↓↓↓

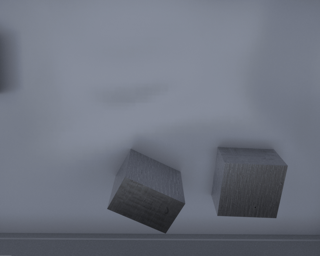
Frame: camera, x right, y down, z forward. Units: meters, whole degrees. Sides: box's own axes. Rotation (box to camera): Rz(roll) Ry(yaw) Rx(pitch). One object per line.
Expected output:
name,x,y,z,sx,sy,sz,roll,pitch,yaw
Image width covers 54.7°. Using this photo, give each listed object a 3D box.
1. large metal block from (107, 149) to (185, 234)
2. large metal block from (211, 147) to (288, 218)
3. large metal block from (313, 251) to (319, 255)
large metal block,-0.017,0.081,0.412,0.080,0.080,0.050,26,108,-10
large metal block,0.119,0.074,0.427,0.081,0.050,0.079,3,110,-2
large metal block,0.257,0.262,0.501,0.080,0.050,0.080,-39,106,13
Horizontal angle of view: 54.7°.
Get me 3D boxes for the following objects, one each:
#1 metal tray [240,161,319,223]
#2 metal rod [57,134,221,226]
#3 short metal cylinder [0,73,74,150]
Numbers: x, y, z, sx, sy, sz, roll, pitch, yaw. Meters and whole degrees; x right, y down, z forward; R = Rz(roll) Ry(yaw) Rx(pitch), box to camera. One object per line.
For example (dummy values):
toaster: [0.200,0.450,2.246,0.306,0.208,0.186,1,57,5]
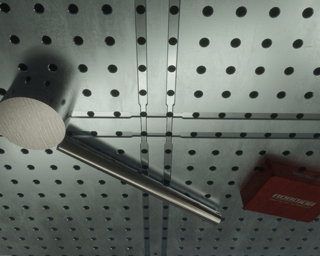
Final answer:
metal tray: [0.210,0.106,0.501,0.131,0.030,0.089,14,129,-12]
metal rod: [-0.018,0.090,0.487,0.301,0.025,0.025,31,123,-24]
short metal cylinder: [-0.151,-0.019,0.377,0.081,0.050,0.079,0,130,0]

↑↑↑

The answer should consist only of the lines from the one with "toaster: [0.200,0.450,2.246,0.306,0.208,0.186,1,57,5]" through the last line of the material above, copied exactly, with no pictures.

• [Exercise solution]:
toaster: [0.200,0.450,2.246,0.306,0.208,0.186,1,57,5]
Final answer:
metal tray: [0.210,0.106,0.501,0.131,0.030,0.089,14,129,-12]
metal rod: [-0.018,0.090,0.487,0.301,0.025,0.025,31,123,-24]
short metal cylinder: [-0.151,-0.019,0.377,0.081,0.050,0.079,0,130,0]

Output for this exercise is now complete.